Lei non vede nessuna luce all’orizzonte?
«Ora finalmente si è capito, con il ‘sisma bonus’, cosa sia logico fare in edifici di nessun valore storico. Cioè demolire e ricostruire con le norme sismiche, dove la legge lo permette. E’ benvenuta quindi la semplificazione del commissario Legnini. Non resta che fare in modo che gli interventi siano innovativi ed abbiano una filosofia pragmatica».
Quale potrebbe essere un toccasana perché gli errori del passato non si ripetano più?
«La mia speranza è che si crei un Dipartimento presso il Ministero delle infrastrutture (Protocollo sisma) che non dipenda dalla politica ma dalla scienza sismica italiane ed Ordini competenti (come negli Stati Uniti) per realizzare un protocollo su scala nazionale aggiornato in base a realtà tecniche indiscusse».

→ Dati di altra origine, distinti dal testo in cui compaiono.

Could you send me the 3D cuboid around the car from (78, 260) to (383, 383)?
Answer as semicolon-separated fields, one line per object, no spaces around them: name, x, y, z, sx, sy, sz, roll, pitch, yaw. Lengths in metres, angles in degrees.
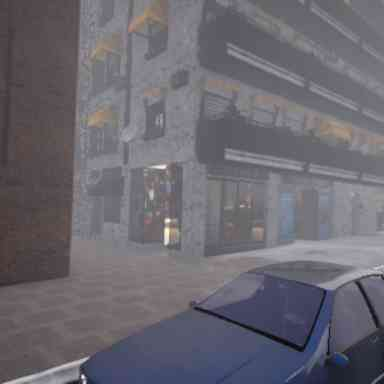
car;1.406;1.645;4.129;5.357;1.411;2.033;1;-2;-40

Usciamo per un attimo dai problemi del post terremoto e approfittiamo delle sue competenze per chiederle un parere sull’incendio disastroso del grattacielo “Torre del Moro” in via Antonini a Milano che ha creato grande impressione in tutta Italia.
«Innanzitutto va sottolineato che per “saper costruire” è fondamentale aver appreso l’importanza dell’esame in ingegneria civile ‘tecnologia dei materiali’ e tutto ciò che comprende la messa in opera dei materiali edili e loro durabilità. La moda del cappotto termico introdotta con il “super bonus 110%” sembra contraddire tutta la tecnologia acquisita nei secoli in Italia. Il principio ispiratore del risparmio del consumo energetico è sicuramente valido, ma applicare il cappotto (di 10/12 cm), cioè materiale tipo polistirene, polistirolo o succedanei (di origine plastica) di nessuna consistenza, anche come pelle esterna, accoppiato con intonaco ad edifici esistenti, a mio avviso al 90% dei casi è completamente errato. Un crimine utilizzarlo in edifici nei centri storici, in facciate di pregio».
Quali i motivi di questo suo giudizio negativo contro il cappotto termico?
«Spesso la messa in opera di questa pelle termica è maldestra perché non ancorata adeguatamente o addirittura incollata. L’esecuzione perfetta deve seguire un ferreo protocollo per non avere in futuro danni enormi come muffe, distaccamenti ecc. A mio giudizio il cappotto deve essere interno. Infatti i vantaggi contro la dispersione termica sono limitati con il cappotto esterno e si avranno grandissimi problemi alle costruzioni in futuro. Le facciate delle nostre costruzioni sono principalmente in muratura, sia a vista sia intonacate, perché la manutenzione a 20/25 anni risulta più facile e sicura. In altri paesi, come gli Stati Uniti, l’edilizia abitativa non intensiva si costruisce con metodologie diverse (legno, cartongesso) perché la vita media dei fabbricati è di 50 anni. L’edilizia tradizionale italiana mal digerisce questa nuova moda, a mio avviso insensata, proprio per le teorie della scienza della “Tecnologia dei materiali” (specifica per la messa in opera dei materiali edili e loro durabilità)».